• _AIM OF THE TASK_
Gather each line containing the string "object" from these entries.

• _RECORDS TO USE_

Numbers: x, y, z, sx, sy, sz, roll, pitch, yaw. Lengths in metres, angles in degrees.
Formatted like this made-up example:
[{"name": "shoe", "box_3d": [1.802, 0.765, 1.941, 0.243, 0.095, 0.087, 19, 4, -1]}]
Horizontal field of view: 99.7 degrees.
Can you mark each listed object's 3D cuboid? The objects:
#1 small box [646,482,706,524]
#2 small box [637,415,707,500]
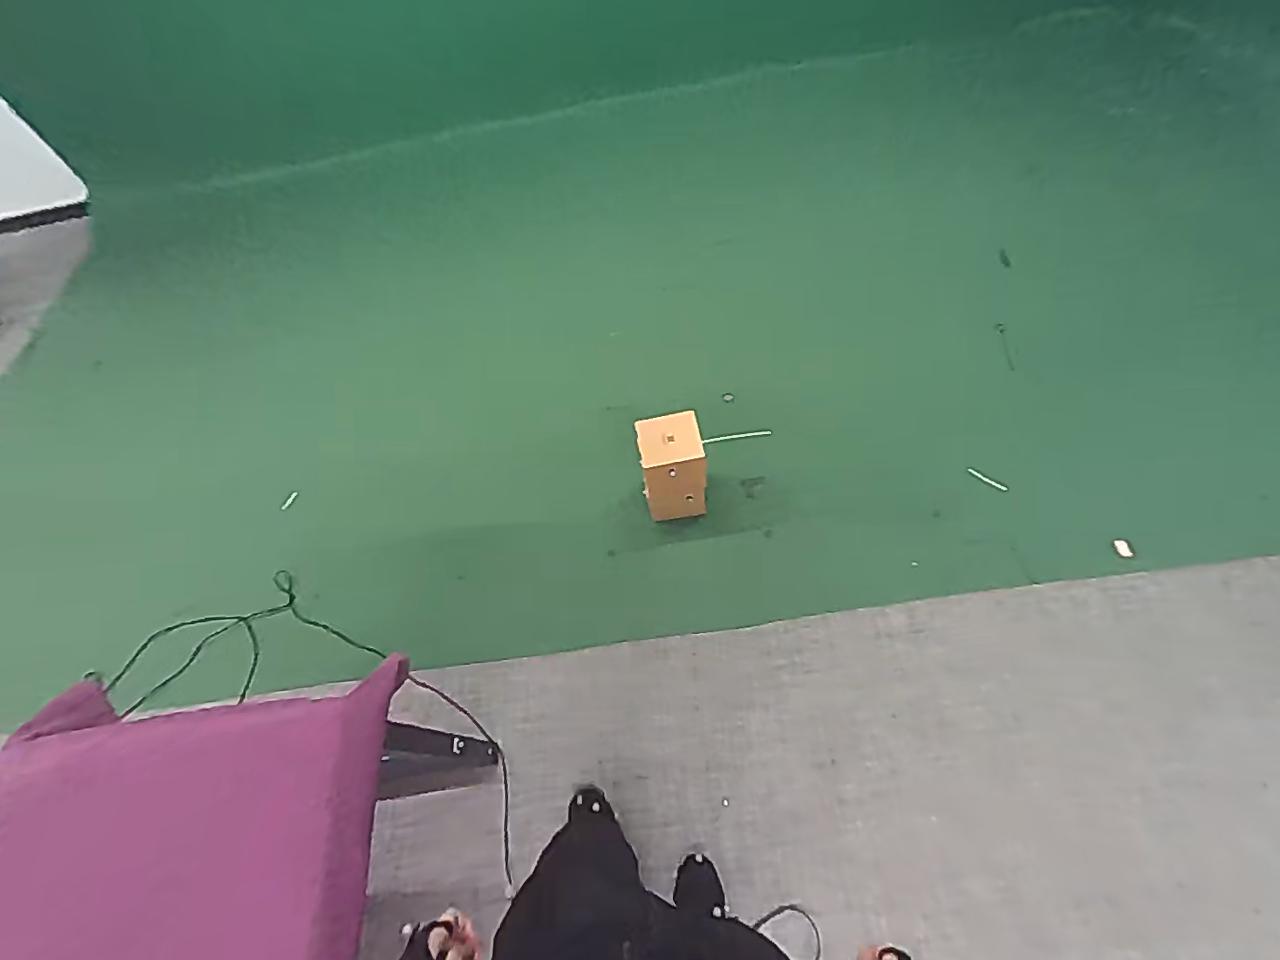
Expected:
[{"name": "small box", "box_3d": [0.114, 0.024, 1.721, 0.179, 0.176, 0.168, -9, 58, 4]}, {"name": "small box", "box_3d": [0.097, -0.062, 1.584, 0.179, 0.176, 0.168, -12, 58, 4]}]
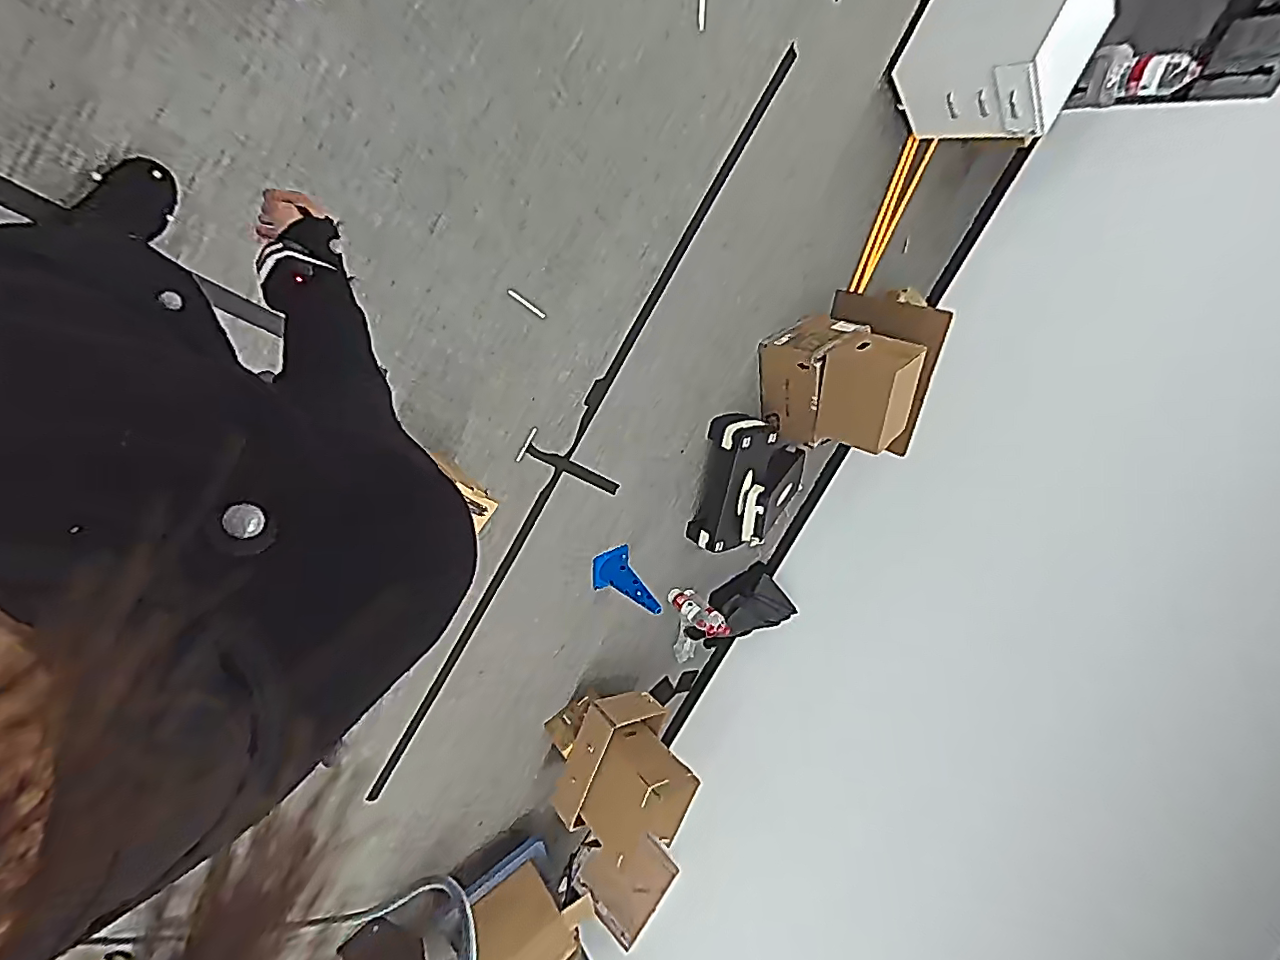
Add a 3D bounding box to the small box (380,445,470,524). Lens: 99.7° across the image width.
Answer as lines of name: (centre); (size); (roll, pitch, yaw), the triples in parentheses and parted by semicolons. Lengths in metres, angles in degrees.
small box: (-0.674, 0.010, 1.686); (0.179, 0.176, 0.168); (32, 91, -49)
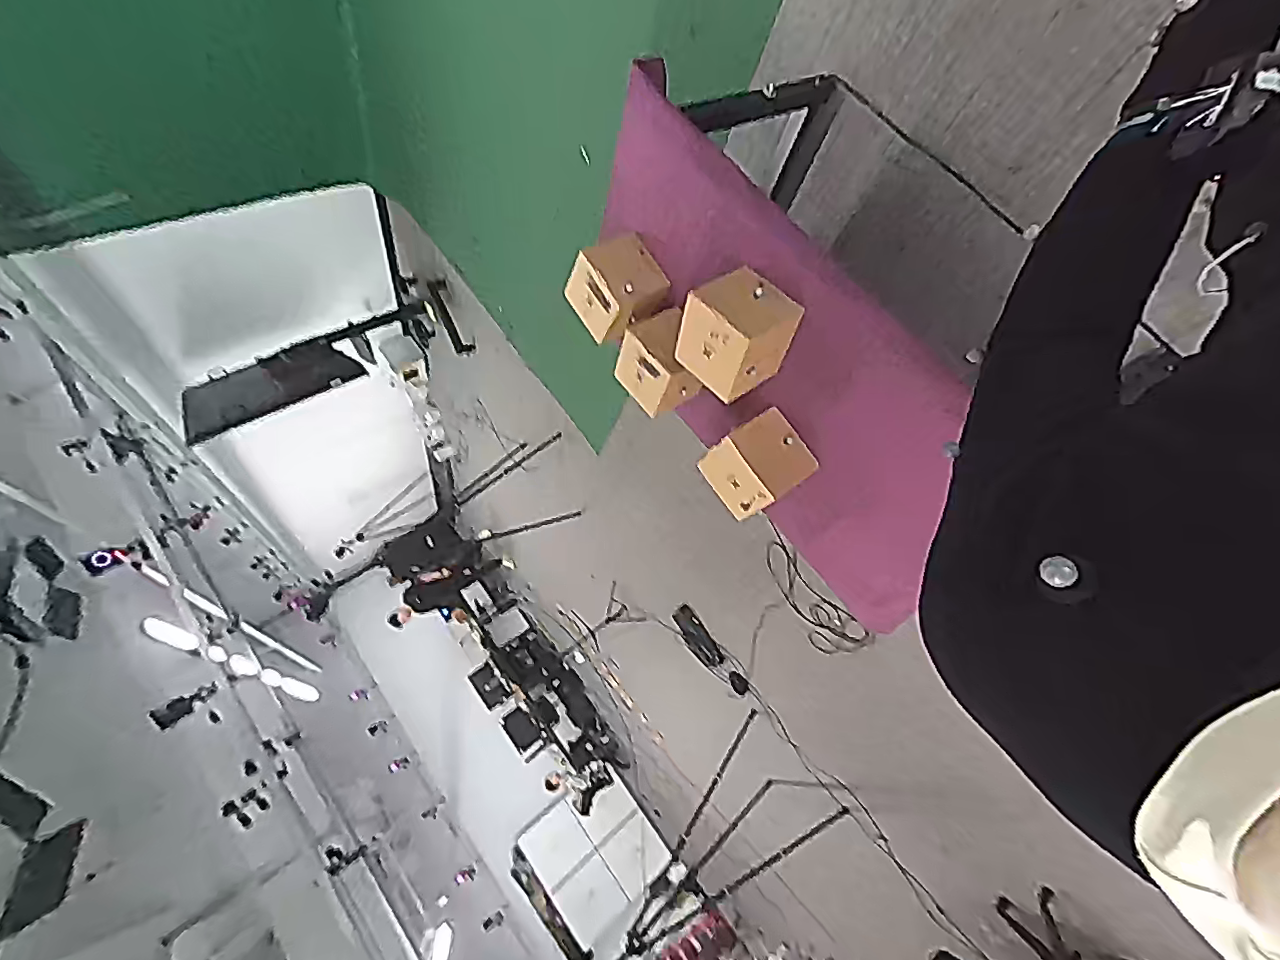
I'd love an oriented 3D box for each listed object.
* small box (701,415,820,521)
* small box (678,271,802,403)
[{"bbox_3d":[0.282,-0.034,1.274,0.179,0.176,0.168,55,152,7],"label":"small box"},{"bbox_3d":[0.206,-0.299,1.126,0.168,0.176,0.179,46,151,21],"label":"small box"}]
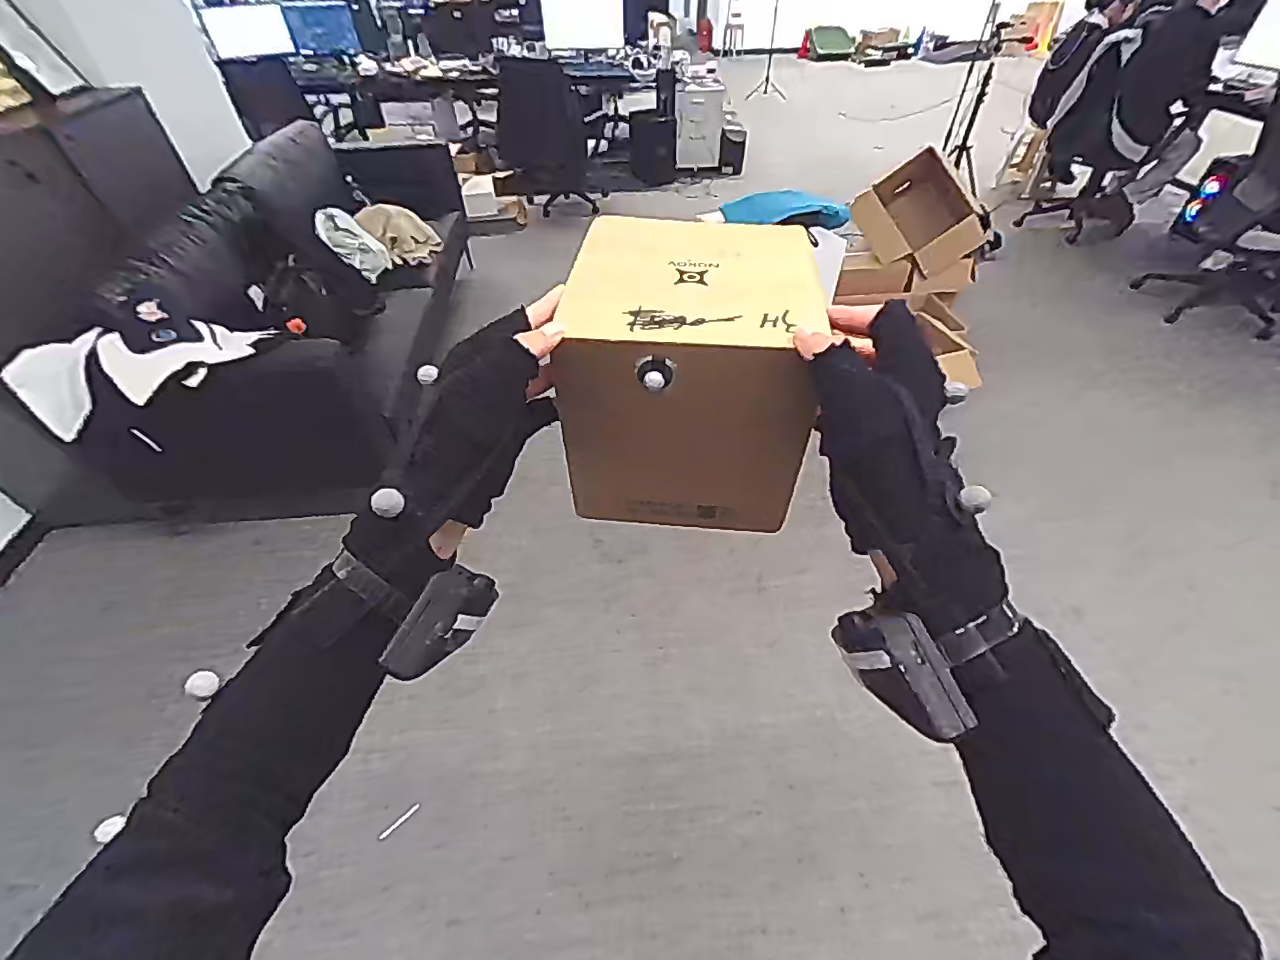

• _EXERCISE OUTPUT_
Can you mark each listed object's 3D cuboid? The objects:
I'd love an oriented 3D box for each listed object.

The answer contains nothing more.